To me, consensus seems to be the process of abandoning all beliefs, principles, values and policies. So it is something in which no one believes and to which no one objects.”
Margaret Thatcher

Investment heavyweights challenge the consensus
On a regular basis I challenge the consensus. It is part of my nature, I suppose, but it comes at a price.

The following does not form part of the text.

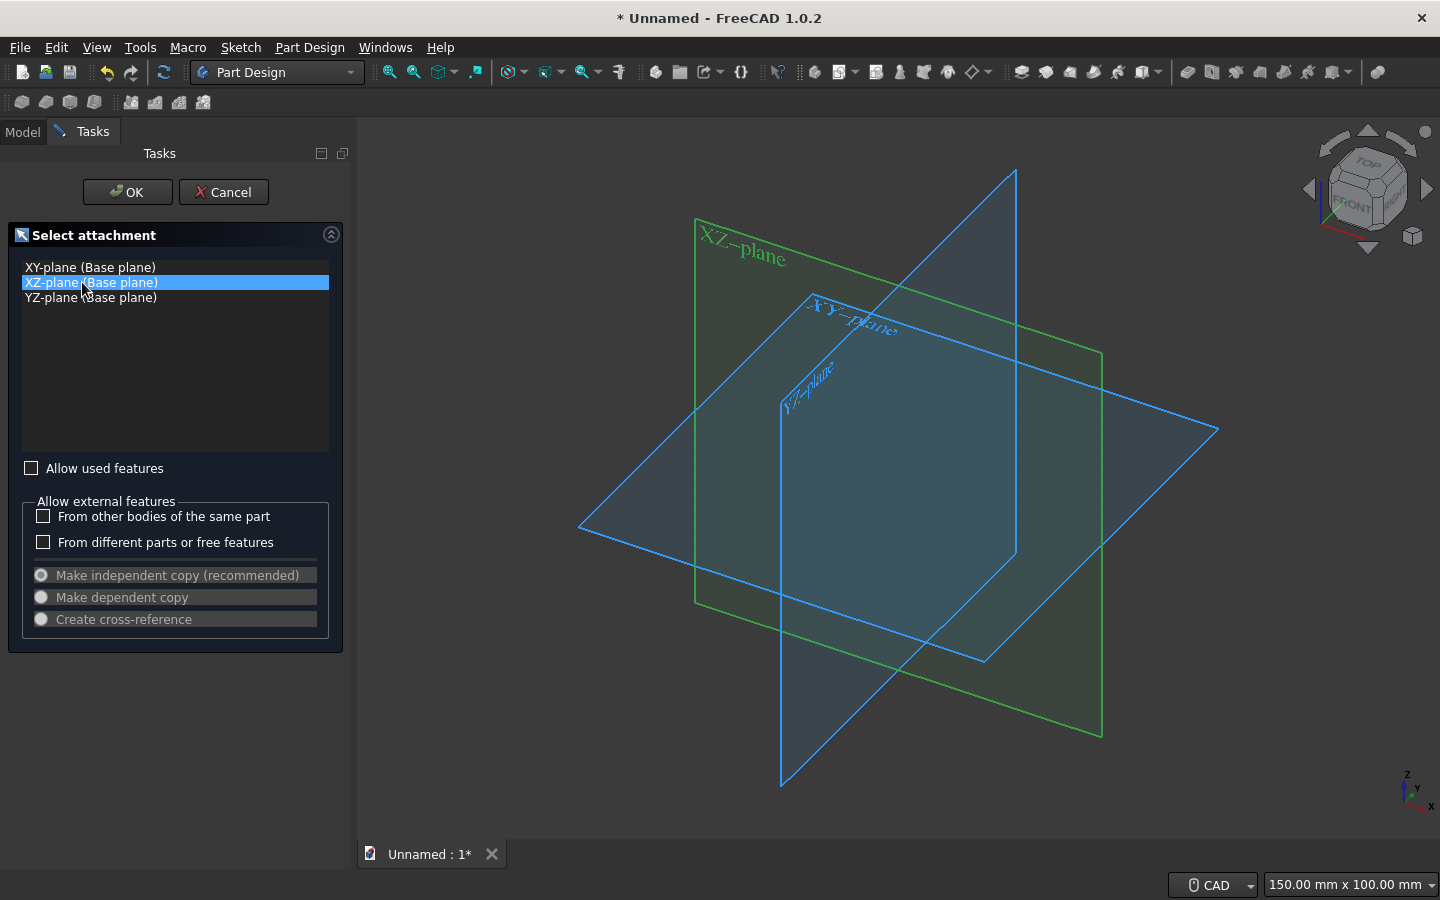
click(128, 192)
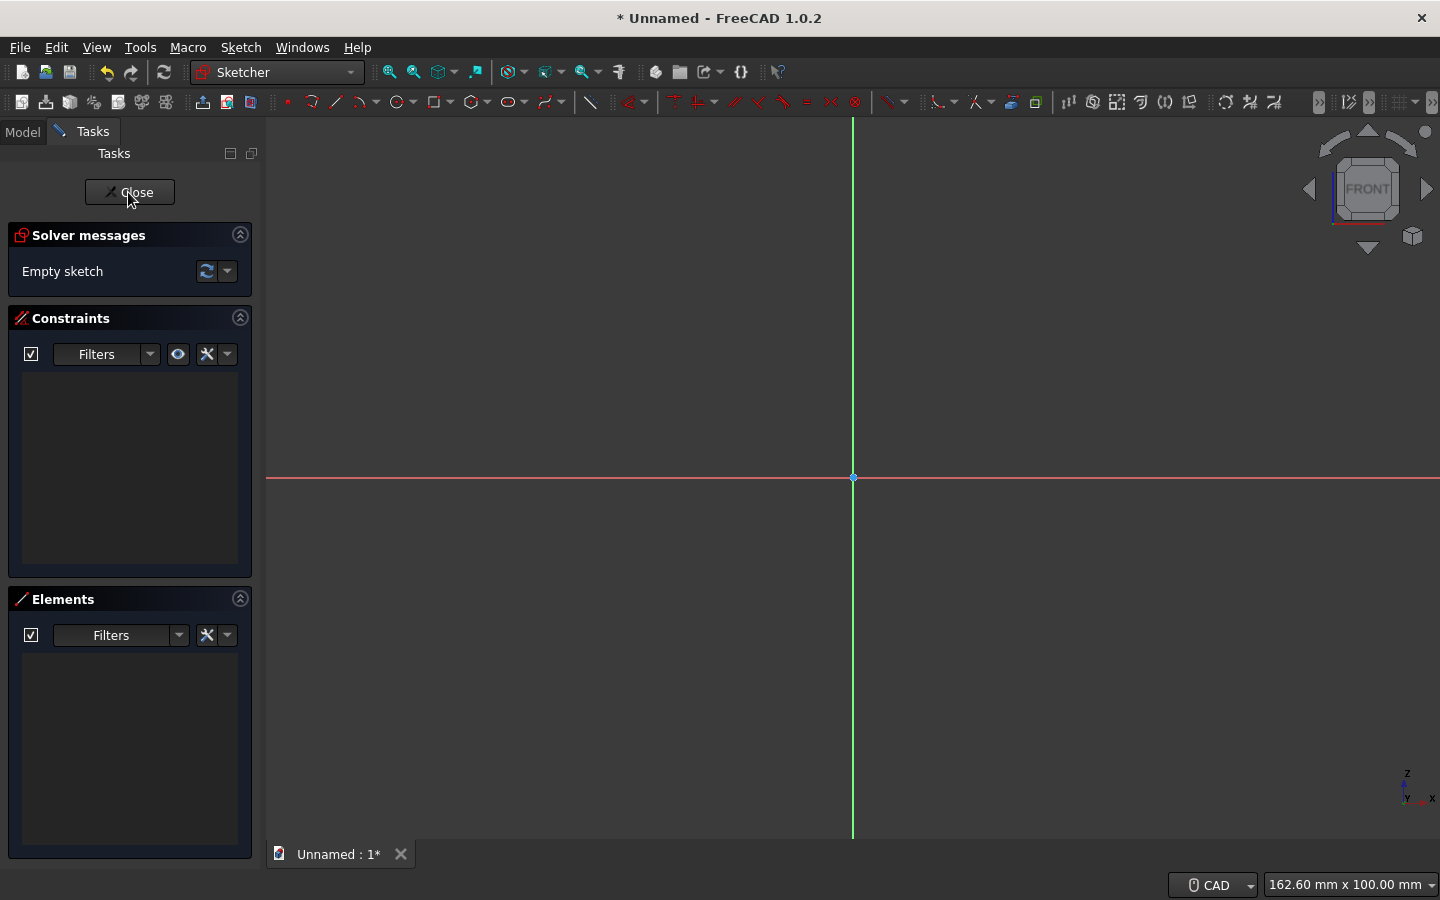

Let me explain. We were recently contacted by a conference organiser, who would like me to participate in a panel discussion later this year at an institutional investor conference here in London. The subject? Investment heavyweights challenge the consensus.
I was foolish enough to accept the invitation before doing my homework as to who the other panellists would be. When I realised who they are, my heart sank. They are true heavyweights! You can do no more than wish me good luck, but look here if you fancy a bit of light entertainment on 7 October.
Trade du jour
Now to more sombre matters. Bond investors lost serious amounts of money in the bond market rout between mid-April and mid-May. One estimate puts total losses at approx. $0.5 trillion[1] – not exactly pocket money for most of us.
I am not sure anything fundamental has drastically changed, though.